Я вынес свой паспорт, мельком на него взглянули, и майор сказал официальным тоном, что выселению я не подлежу.

— Гражданин Даугела, вам и вашей дочери Янине — час на сборы, сейчас пять двадцать. В четверть седьмого должны быть готовы.

— Яня, — сказал Даугела и опустился на стул. — Слышишь, Юозас?
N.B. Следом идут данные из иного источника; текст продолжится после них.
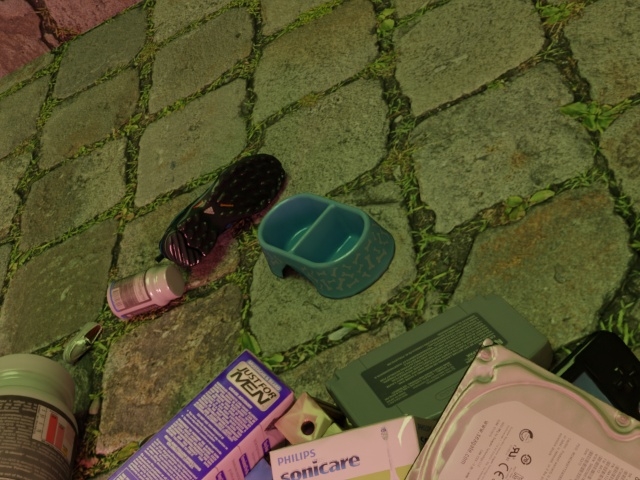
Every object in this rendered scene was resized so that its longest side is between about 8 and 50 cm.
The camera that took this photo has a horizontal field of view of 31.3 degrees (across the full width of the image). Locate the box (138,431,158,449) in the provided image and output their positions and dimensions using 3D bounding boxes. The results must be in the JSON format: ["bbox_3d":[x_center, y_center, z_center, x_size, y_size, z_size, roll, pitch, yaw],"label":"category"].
[{"bbox_3d":[-0.176,0.326,1.832,0.244,0.060,0.100,-26,37,14],"label":"box"}]

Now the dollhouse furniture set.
[{"bbox_3d":[-0.019,0.333,1.615,0.184,0.129,0.129,-47,63,3],"label":"dollhouse furniture set"}]

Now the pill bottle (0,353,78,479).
[{"bbox_3d":[-0.524,0.379,1.936,0.210,0.210,0.363,-24,38,18],"label":"pill bottle"}]

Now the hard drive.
[{"bbox_3d":[0.279,0.293,1.300,0.339,0.064,0.237,30,76,13],"label":"hard drive"}]

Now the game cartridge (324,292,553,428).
[{"bbox_3d":[0.173,0.194,1.646,0.297,0.062,0.198,-27,37,-10],"label":"game cartridge"}]

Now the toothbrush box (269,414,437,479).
[{"bbox_3d":[0.071,0.380,1.416,0.206,0.122,0.283,-19,70,23],"label":"toothbrush box"}]

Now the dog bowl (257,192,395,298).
[{"bbox_3d":[0.000,0.000,2.039,0.166,0.074,0.297,-49,38,-17],"label":"dog bowl"}]

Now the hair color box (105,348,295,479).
[{"bbox_3d":[-0.183,0.331,1.623,0.339,0.185,0.110,-41,67,-19],"label":"hair color box"}]

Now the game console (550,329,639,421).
[{"bbox_3d":[0.343,0.293,1.353,0.293,0.250,0.173,-42,10,-8],"label":"game console"}]

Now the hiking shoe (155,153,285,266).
[{"bbox_3d":[-0.205,-0.070,2.259,0.304,0.113,0.132,-40,18,-21],"label":"hiking shoe"}]

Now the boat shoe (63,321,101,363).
[{"bbox_3d":[-0.464,0.201,2.236,0.035,0.035,0.100,1,43,44],"label":"boat shoe"}]

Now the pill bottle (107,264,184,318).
[{"bbox_3d":[-0.336,0.097,2.207,0.137,0.078,0.078,-19,39,23],"label":"pill bottle"}]
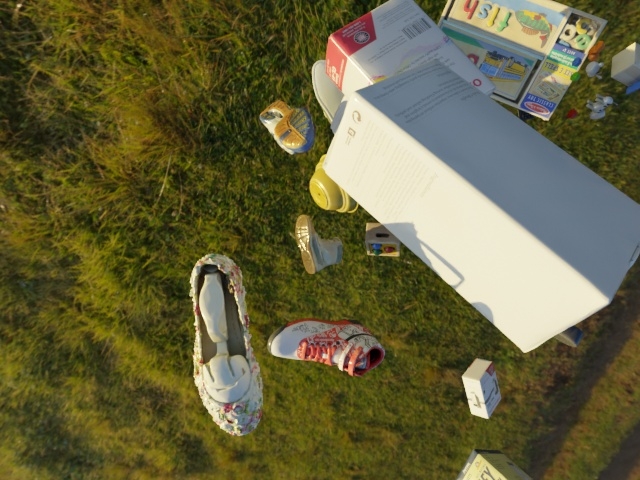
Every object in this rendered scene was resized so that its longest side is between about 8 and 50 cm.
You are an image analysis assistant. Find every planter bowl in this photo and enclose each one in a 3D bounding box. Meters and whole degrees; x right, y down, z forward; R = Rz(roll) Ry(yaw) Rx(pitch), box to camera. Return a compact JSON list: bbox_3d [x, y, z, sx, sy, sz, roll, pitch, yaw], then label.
[{"bbox_3d":[0.026,-0.172,1.372,0.090,0.217,0.217,-31,126,-20],"label":"planter bowl"}]

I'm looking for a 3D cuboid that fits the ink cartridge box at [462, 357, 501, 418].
[{"bbox_3d":[0.481,0.437,1.203,0.056,0.099,0.135,-1,113,48],"label":"ink cartridge box"}]

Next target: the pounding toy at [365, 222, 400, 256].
[{"bbox_3d":[0.260,-0.012,1.514,0.180,0.094,0.206,3,156,13],"label":"pounding toy"}]

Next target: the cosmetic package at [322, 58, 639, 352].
[{"bbox_3d":[0.220,-0.068,0.574,0.385,0.217,0.156,47,145,16],"label":"cosmetic package"}]

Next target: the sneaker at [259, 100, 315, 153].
[{"bbox_3d":[-0.069,-0.300,1.147,0.111,0.296,0.131,-36,128,1],"label":"sneaker"}]

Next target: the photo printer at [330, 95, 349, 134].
[{"bbox_3d":[0.158,-0.477,1.207,0.107,0.308,0.256,30,158,-7],"label":"photo printer"}]

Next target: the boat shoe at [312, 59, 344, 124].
[{"bbox_3d":[0.052,-0.499,1.479,0.109,0.091,0.305,-26,102,1],"label":"boat shoe"}]

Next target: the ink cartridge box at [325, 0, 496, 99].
[{"bbox_3d":[0.189,-0.361,0.907,0.226,0.131,0.306,-34,80,-14],"label":"ink cartridge box"}]

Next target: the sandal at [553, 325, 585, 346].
[{"bbox_3d":[0.338,0.087,0.705,0.254,0.097,0.055,35,89,3],"label":"sandal"}]

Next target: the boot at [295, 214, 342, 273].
[{"bbox_3d":[0.000,0.000,1.488,0.077,0.165,0.213,-8,96,48],"label":"boot"}]

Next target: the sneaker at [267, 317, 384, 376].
[{"bbox_3d":[0.022,0.255,0.955,0.269,0.145,0.090,2,109,-29],"label":"sneaker"}]

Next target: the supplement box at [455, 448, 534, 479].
[{"bbox_3d":[0.250,0.341,0.559,0.083,0.083,0.056,26,94,-38],"label":"supplement box"}]

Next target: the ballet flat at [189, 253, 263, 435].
[{"bbox_3d":[-0.130,0.131,0.522,0.091,0.241,0.077,-14,168,-5],"label":"ballet flat"}]

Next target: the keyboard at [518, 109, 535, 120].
[{"bbox_3d":[0.737,-0.528,1.427,0.100,0.038,0.192,-16,102,-19],"label":"keyboard"}]

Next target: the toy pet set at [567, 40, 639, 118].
[{"bbox_3d":[0.456,-0.250,0.624,0.065,0.122,0.114,20,163,-12],"label":"toy pet set"}]

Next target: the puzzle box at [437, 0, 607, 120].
[{"bbox_3d":[0.523,-0.548,1.150,0.408,0.052,0.272,27,116,10],"label":"puzzle box"}]
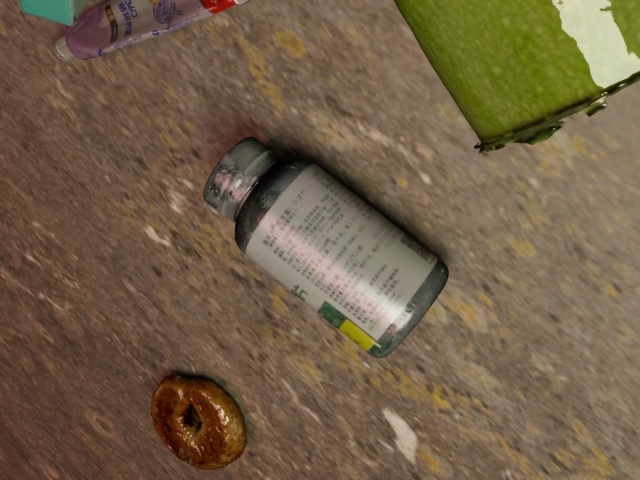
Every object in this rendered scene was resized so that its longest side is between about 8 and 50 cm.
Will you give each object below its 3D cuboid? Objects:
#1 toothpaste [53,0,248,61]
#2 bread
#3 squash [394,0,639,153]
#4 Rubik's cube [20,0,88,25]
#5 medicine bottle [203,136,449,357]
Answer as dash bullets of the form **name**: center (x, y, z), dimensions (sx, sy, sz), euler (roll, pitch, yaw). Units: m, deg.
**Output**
- **toothpaste**: center (-0.230, -0.285, 0.795), dimensions (0.301, 0.048, 0.075), euler (-11, 105, 30)
- **bread**: center (-0.210, 0.313, 1.093), dimensions (0.193, 0.064, 0.193), euler (10, 113, 25)
- **squash**: center (0.142, -0.283, 0.454), dimensions (0.263, 0.263, 0.384), euler (-25, 102, 36)
- **Rubik's cube**: center (-0.317, -0.363, 0.690), dimensions (0.213, 0.265, 0.224), euler (13, 90, -8)
- **medicine bottle**: center (0.000, 0.000, 0.758), dimensions (0.293, 0.141, 0.141), euler (39, 127, 6)
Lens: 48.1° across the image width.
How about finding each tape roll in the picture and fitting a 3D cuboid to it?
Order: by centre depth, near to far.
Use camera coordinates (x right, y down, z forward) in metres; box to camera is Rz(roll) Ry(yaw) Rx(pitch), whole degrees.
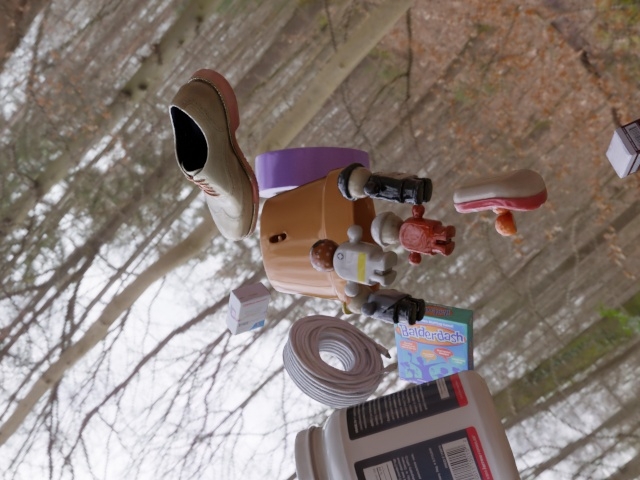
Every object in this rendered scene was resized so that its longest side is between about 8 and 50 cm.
[{"bbox_3d":[-0.018,-0.156,1.714,0.275,0.275,0.090,4,-96,-66],"label":"tape roll"}]

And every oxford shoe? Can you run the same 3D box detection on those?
[{"bbox_3d":[-0.234,-0.147,1.493,0.146,0.141,0.396,-51,-41,-42],"label":"oxford shoe"}]

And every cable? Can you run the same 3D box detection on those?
[{"bbox_3d":[0.031,0.294,1.771,0.257,0.089,0.257,41,-144,18],"label":"cable"}]

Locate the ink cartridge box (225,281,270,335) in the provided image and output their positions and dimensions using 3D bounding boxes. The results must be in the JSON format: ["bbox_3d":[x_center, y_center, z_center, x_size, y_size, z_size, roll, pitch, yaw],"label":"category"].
[{"bbox_3d":[-0.183,0.171,1.806,0.089,0.122,0.052,-15,-131,-32],"label":"ink cartridge box"}]

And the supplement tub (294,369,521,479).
[{"bbox_3d":[0.120,0.304,0.982,0.191,0.272,0.191,-19,-90,-83],"label":"supplement tub"}]

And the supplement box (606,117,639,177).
[{"bbox_3d":[0.744,-0.232,1.523,0.130,0.240,0.073,56,-168,-69],"label":"supplement box"}]

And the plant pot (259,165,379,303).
[{"bbox_3d":[0.000,0.000,1.482,0.291,0.204,0.290,-7,-90,-77],"label":"plant pot"}]

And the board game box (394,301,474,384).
[{"bbox_3d":[0.241,0.225,1.514,0.047,0.160,0.210,-53,-37,-45],"label":"board game box"}]

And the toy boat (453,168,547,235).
[{"bbox_3d":[0.449,-0.084,1.760,0.151,0.231,0.151,-26,-79,-35],"label":"toy boat"}]

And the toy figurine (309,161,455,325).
[{"bbox_3d":[0.090,0.008,1.092,0.148,0.209,0.213,12,157,34],"label":"toy figurine"}]
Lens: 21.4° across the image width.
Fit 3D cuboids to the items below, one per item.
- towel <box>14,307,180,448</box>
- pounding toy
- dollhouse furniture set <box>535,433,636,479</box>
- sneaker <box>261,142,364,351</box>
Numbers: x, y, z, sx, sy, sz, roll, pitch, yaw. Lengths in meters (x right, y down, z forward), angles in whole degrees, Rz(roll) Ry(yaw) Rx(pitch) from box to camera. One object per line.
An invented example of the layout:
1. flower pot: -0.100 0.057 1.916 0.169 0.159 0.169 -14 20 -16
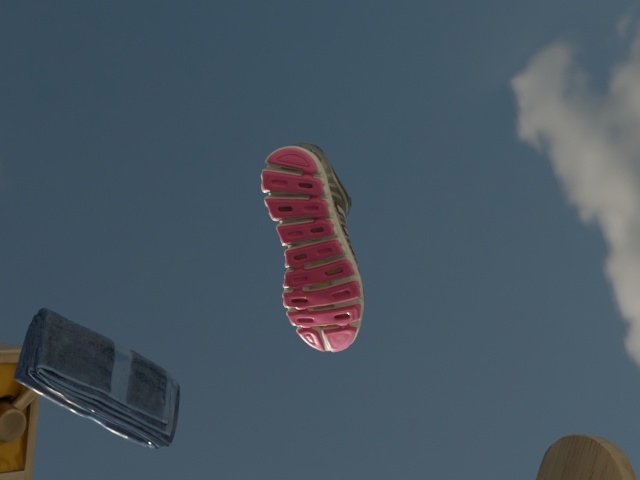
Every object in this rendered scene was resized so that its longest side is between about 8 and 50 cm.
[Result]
1. towel: -0.151 0.095 1.172 0.119 0.029 0.067 30 -141 -24
2. pounding toy: -0.267 0.130 1.354 0.141 0.100 0.130 3 -86 -56
3. dollhouse furniture set: 0.368 0.184 0.908 0.362 0.394 0.256 8 -77 -36
4. sneaker: 0.000 0.000 1.288 0.075 0.063 0.170 -62 -40 -66
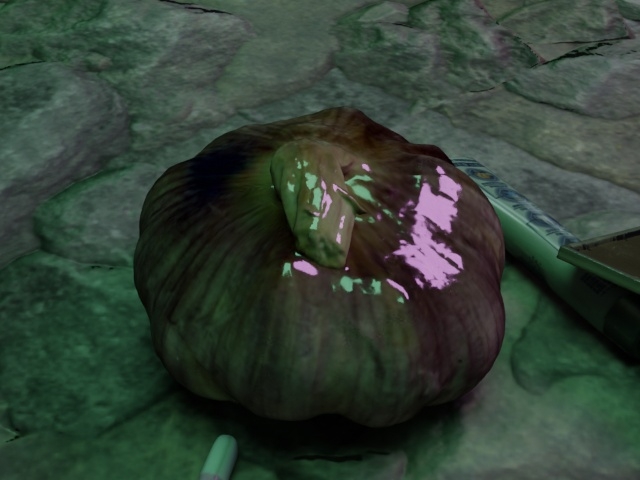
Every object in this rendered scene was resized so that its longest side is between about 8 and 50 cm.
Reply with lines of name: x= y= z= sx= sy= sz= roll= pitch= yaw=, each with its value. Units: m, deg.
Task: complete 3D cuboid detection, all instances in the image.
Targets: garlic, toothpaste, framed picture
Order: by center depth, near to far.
garlic: x=0.000 y=0.000 z=0.587 sx=0.244 sy=0.161 sz=0.245 roll=1 pitch=39 yaw=0
framed picture: x=0.235 y=0.021 z=0.632 sx=0.109 sy=0.011 sz=0.149 roll=27 pitch=21 yaw=33
toothpaste: x=0.154 y=-0.002 z=0.689 sx=0.062 sy=0.039 sz=0.239 roll=-8 pitch=38 yaw=-32

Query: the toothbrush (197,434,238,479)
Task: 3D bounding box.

— Почему ее тут нет? Приведите, — сказал майор, и двое быстро прошли в коридор. Там стукнули двери, слышно было, как раскрывали шкафы, что-то со звоном упало. Даугела вздыхал, шамкал нечленораздельное и чесал свои патлы. Он был совсем плох, и когда те двое вернулись ни с чем, толком и не мог объяснить, куда ушла дочь. Может, он придуривался. Я, пока из него вынимали душу, спросил у милицейского начальника, почему Янину, он строго сказал: «Вся семья несет ответственность». Даугелу подняли, повели, комната опустела. Моей первой безумной мыслью было бежать. Я один в проклятом этом доме, выстрел через окно, и все кончено. Каким-то особым чувством я знал, что Владас поблизости. Я заставил себя успокоиться и подумать. Мешок и чемоданчик Даугелы остались здесь, на полу. Значит, сейчас все вернутся, доставят Яню и дадут, наверно, ей собраться тоже. Меня это чуть обнадежило, я получал как будто отсрочку. Но когда придет ночь, я впервые за все это время останусь без всякой защиты. Ни Даугелы, ни Яни, теперь уже Владаса ничто не сдержит, он будет рад прикончить наконец меня, это будет удачная акция против советских, вот вам, возьмите еще один ваш труп, вы думали, что перебили нас, а мы живы, мы везде и всюду, и доказательством тому — этот мертвый молоденький жидас, шпион и предатель. Я чуть ли не воочию видел себя лежащим на этом полу. И что с того, что Владаса в конце концов поймают, расстреляют или повесят, мне будет уже все равно. А Янька сгинет где-нибудь в Сибири вместе с его волчонком в утробе, а может, и родит, и тут во мне шевельнулось злорадное: вот, что будет местью Владасу за моих родителей и за меня самого, — этот его ребенок, который будет расти сиротой, как я. Воображение представило младенца, Яню с ним на руках, — мне стало нехорошо от того, что я желал зла двум таким же невинным и несчастным существам, каким был я сам. Голова раскалывалась от этого безумия, от всеобщей жути, затоплявшей все вокруг, как дождь, что лил и лил с небес и превращал все в слякоть, мрак, и мразь, и грязь, и сотрясал, пронизывал меня насквозь, — меня, захваченного этим холодным, мокрым и липким кровавым месивом, — я бежал в прилипшей к телу рубашке, в ботинках на босу ногу, сначала вдоль улицы, потом, срезая путь, по огородным грядкам, и я, задыхаясь в хрипящем, едва слышном крике, ввалился к старухе:

— Не надо, не трогайте Яню, оставьте ребенка, зачем вам, отдайте! — я бросился к ней, схватил ее за руку, начал трясти неизвестно зачем — или чтобы она сказала что-то, или чтобы молчала, — я ничего не соображал, лишь повторял, как в горячке: «Не трогайте ее… ребенок!»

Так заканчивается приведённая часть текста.